To build the mouse brain single-cell atlas, the scRNA-Seq reference data of the mouse brain were obtained from Zeisel et al.32. Among all the available data, we only retained 96,572 cells that were acquired from the brain regions, had an assigned cell type by the authors, and a minimal total UMI of 1000. These cells correspond to 183 clusters at the finest taxonomy level in the original study. As many of the clusters are highly similar, we decided to merge some of them to simplify the reference landscape. First, the top 50 cluster enriched markers were derived using Scanpy63 via the ‘rank_genes_groups’ function (method = ‘wilcoxon’), following the normalization (‘normalize_per_cell’), log transformation (‘log1p’) and regressing out (‘regress_out’) the variances associated with the total UMI and the percentage of mitochondrial chromosome encoded genes per cell. Then, the pair-wise overlapping p-values among the clusters were calculated using the top 50 marker genes assuming a hypergeometric null distribution. Last, clusters with overlapping p-values more significant than 1e−10 were merged and new names were assigned by combinedly considering the original annotation, the molecular features, and the specificity to certain brain regions. A total of 46 cell types were determined that cover all the 12 brain regions and their important substructures40 (Supplementary Data 5). To make the reference dataset more manageable in size and more balanced in the representation of cell types, we down-sampled each cluster to no more than 360 cells. A final set of 14,666 cells over 46 cell types was used for the deconvolution of the mouse brain spatial transcriptome data.
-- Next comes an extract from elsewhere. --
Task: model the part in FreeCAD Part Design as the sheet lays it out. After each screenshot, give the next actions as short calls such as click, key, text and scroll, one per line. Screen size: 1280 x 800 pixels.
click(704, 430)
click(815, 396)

The human Islets single-cell RNA-Seq data contained 1492 high-quality human islets single cells and the associated annotations from Xin et al.41. The RPKM expression table was directly downloaded and used as-is. The RNA-FISH data was also from this study41. The real bulk RNA-Seq data of human islets was acquired from a large-scale study referred in multiple publications41,43,44. We only included the data from donors with a valid HbA1C level measurement in the regression analysis of the Beta-cell proportion with respect to the HbA1C level (Fig. 5c and Supplementary Data 10).
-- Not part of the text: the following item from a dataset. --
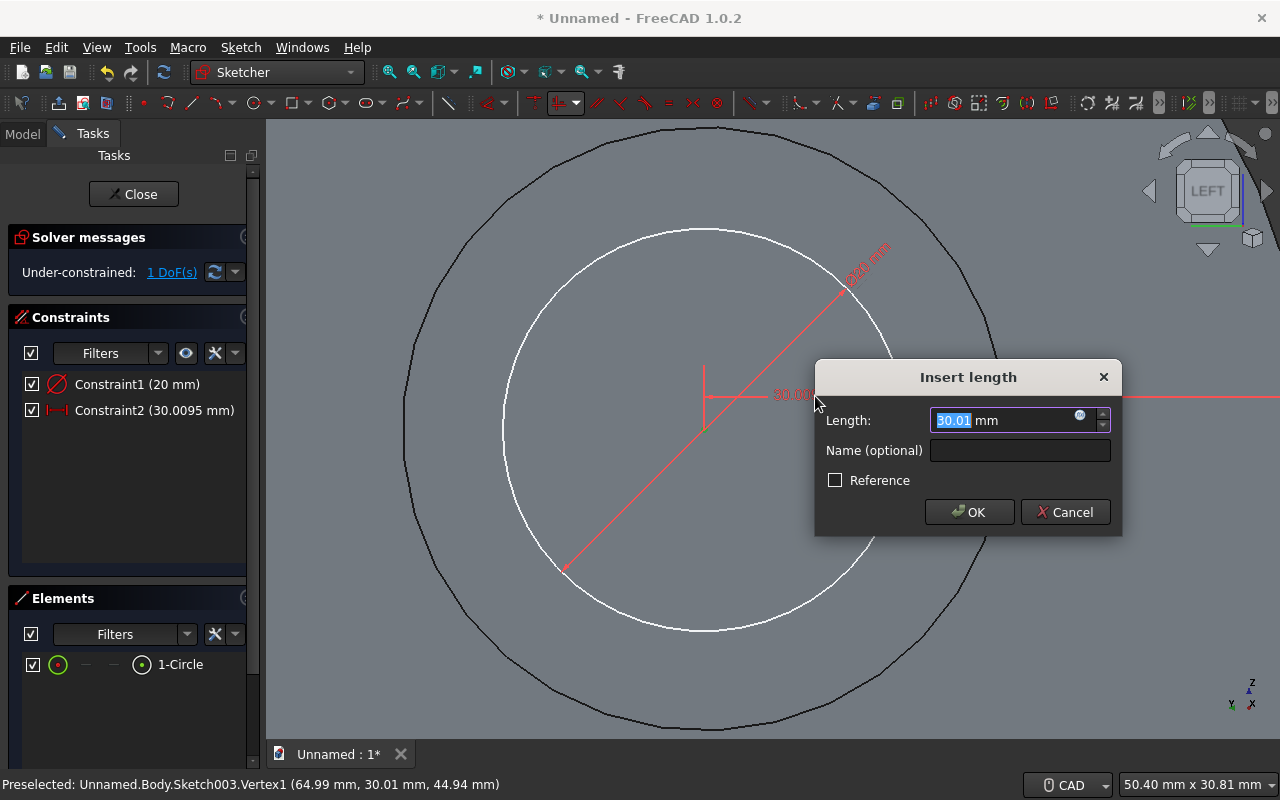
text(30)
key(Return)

The human trabecular meshwork single-cell data were acquired from the authors of Patel et al.42. We used the UMI counts, tSNE coordinates, and the cell type annotation of 8759 high-quality cells. Details of the quality control and the cell type identification were presented in the original publication.

The Mouse Brain Spatial transcriptomics data by 10x Visium platform were download from the 10x Genomics website (see “Data availability”), including the filtered count matrix, tissue image, and the spatial coordinates of a coronal section of an adult C57BL/6 mouse brain. A total of 2698 in-tissue spots were provided in the data set and used as-is.

The Mouse Brian ISH images were directly downloaded from Allen mouse Brain Atlas40 by searching the gene names. The images were used without further editing except for cropping.

Statistics and reproducibility

The statistical analyses were done with R statistical software (v3.6.0)59 and python (v3.7.2)64. The packages used include Seurat (v3.0.1)62, scanpy (v1.6.0)63, dplyr (v0.8.0.1)65, doParallel (v1.0.14)66, data.table (v1.12.4)67, fitdistrplus (v1.1-1)56, nnls (v1.4)57, MuSiC (v0.1.1)22, BisqueRNA (v1.0.4)21, SPOTlight (v1.0.4)38, Cell2location (v0.05-alpha)39, Stereoscope(v_03)23.

Reporting summary

Further information on research design is available in the Nature Research Reporting Summary linked to this article.